◆ RECORDS SUPPLIED
..............................

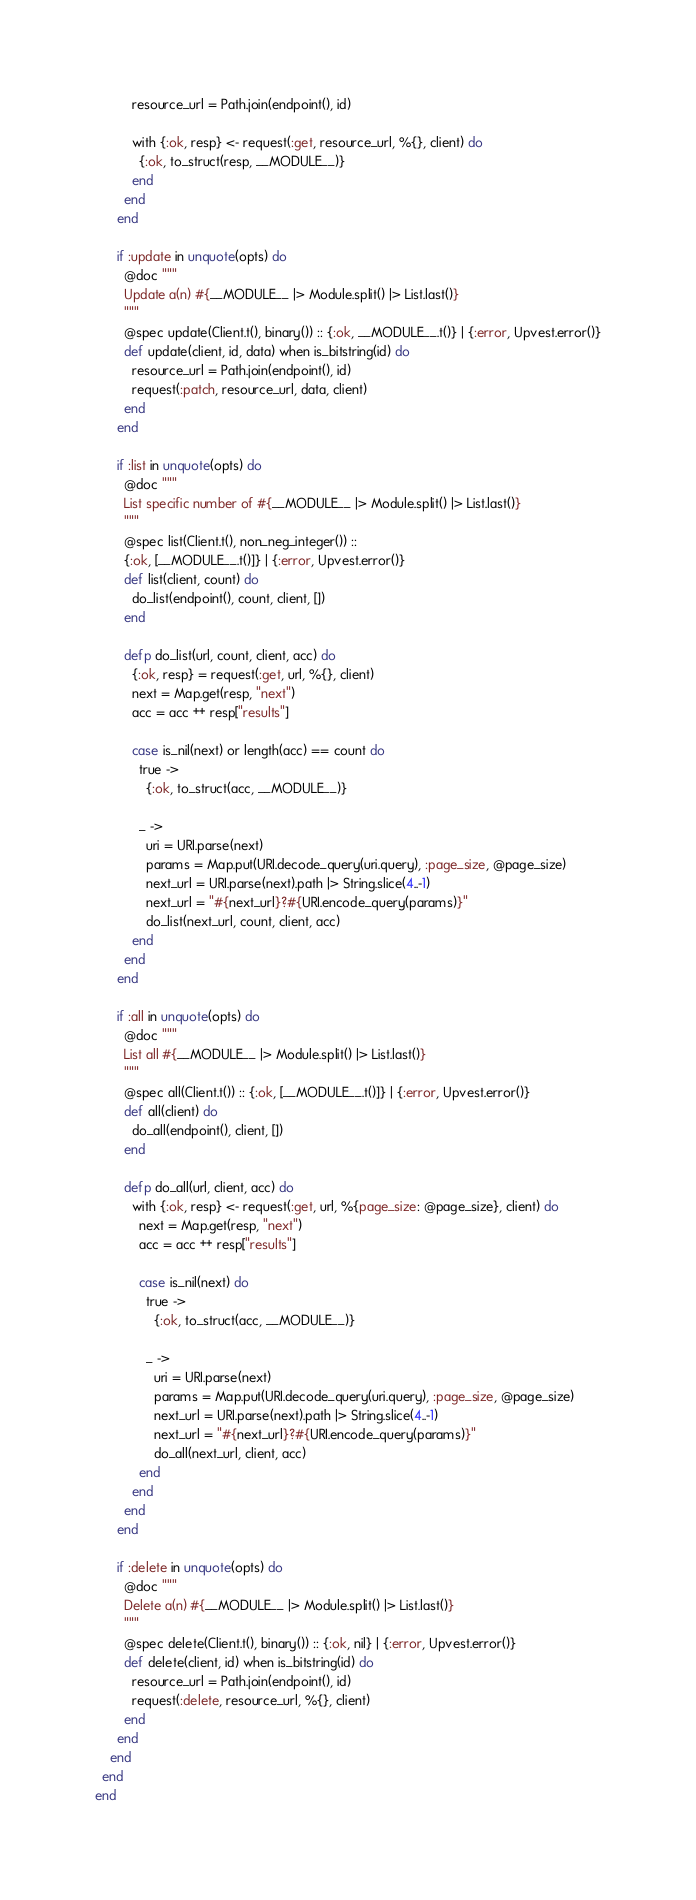Convert code to text. <code><loc_0><loc_0><loc_500><loc_500><_Elixir_>          resource_url = Path.join(endpoint(), id)

          with {:ok, resp} <- request(:get, resource_url, %{}, client) do
            {:ok, to_struct(resp, __MODULE__)}
          end
        end
      end

      if :update in unquote(opts) do
        @doc """
        Update a(n) #{__MODULE__ |> Module.split() |> List.last()}
        """
        @spec update(Client.t(), binary()) :: {:ok, __MODULE__.t()} | {:error, Upvest.error()}
        def update(client, id, data) when is_bitstring(id) do
          resource_url = Path.join(endpoint(), id)
          request(:patch, resource_url, data, client)
        end
      end

      if :list in unquote(opts) do
        @doc """
        List specific number of #{__MODULE__ |> Module.split() |> List.last()}
        """
        @spec list(Client.t(), non_neg_integer()) ::
        {:ok, [__MODULE__.t()]} | {:error, Upvest.error()}
        def list(client, count) do
          do_list(endpoint(), count, client, [])
        end

        defp do_list(url, count, client, acc) do
          {:ok, resp} = request(:get, url, %{}, client)
          next = Map.get(resp, "next")
          acc = acc ++ resp["results"]

          case is_nil(next) or length(acc) == count do
            true ->
              {:ok, to_struct(acc, __MODULE__)}

            _ ->
              uri = URI.parse(next)
              params = Map.put(URI.decode_query(uri.query), :page_size, @page_size)
              next_url = URI.parse(next).path |> String.slice(4..-1)
              next_url = "#{next_url}?#{URI.encode_query(params)}"
              do_list(next_url, count, client, acc)
          end
        end
      end

      if :all in unquote(opts) do
        @doc """
        List all #{__MODULE__ |> Module.split() |> List.last()}
        """
        @spec all(Client.t()) :: {:ok, [__MODULE__.t()]} | {:error, Upvest.error()}
        def all(client) do
          do_all(endpoint(), client, [])
        end

        defp do_all(url, client, acc) do
          with {:ok, resp} <- request(:get, url, %{page_size: @page_size}, client) do
            next = Map.get(resp, "next")
            acc = acc ++ resp["results"]

            case is_nil(next) do
              true ->
                {:ok, to_struct(acc, __MODULE__)}

              _ ->
                uri = URI.parse(next)
                params = Map.put(URI.decode_query(uri.query), :page_size, @page_size)
                next_url = URI.parse(next).path |> String.slice(4..-1)
                next_url = "#{next_url}?#{URI.encode_query(params)}"
                do_all(next_url, client, acc)
            end
          end
        end
      end

      if :delete in unquote(opts) do
        @doc """
        Delete a(n) #{__MODULE__ |> Module.split() |> List.last()}
        """
        @spec delete(Client.t(), binary()) :: {:ok, nil} | {:error, Upvest.error()}
        def delete(client, id) when is_bitstring(id) do
          resource_url = Path.join(endpoint(), id)
          request(:delete, resource_url, %{}, client)
        end
      end
    end
  end
end
</code> 
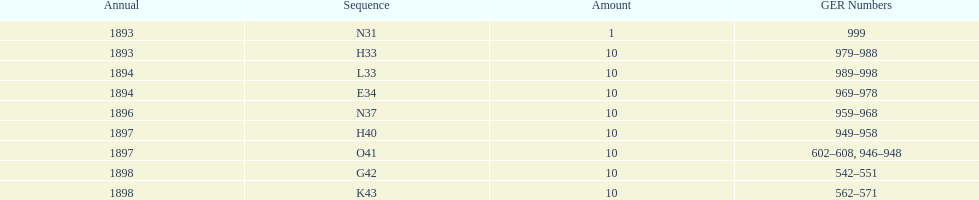What is the last year listed? 1898. 
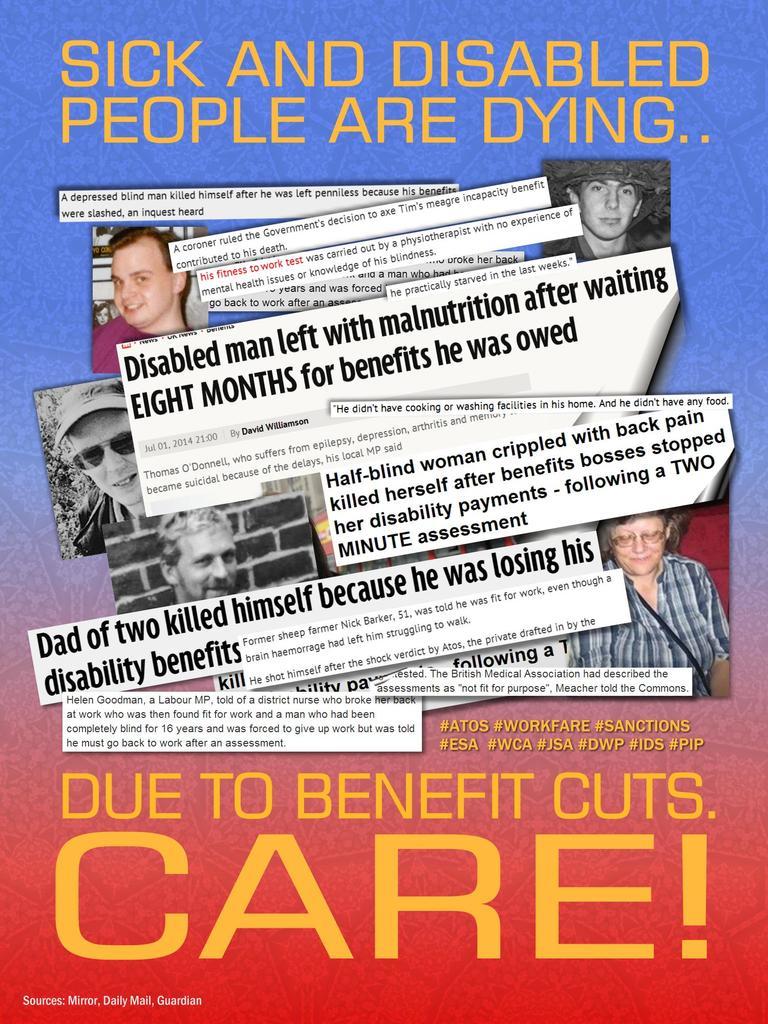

..............................

◆ YOUR INSTRUCTIONS
Go through the entries above, and wherever a line holds the word "slice", copy that line.

◆ ANSWER TO THIS PROBLEM
              next_url = URI.parse(next).path |> String.slice(4..-1)
                next_url = URI.parse(next).path |> String.slice(4..-1)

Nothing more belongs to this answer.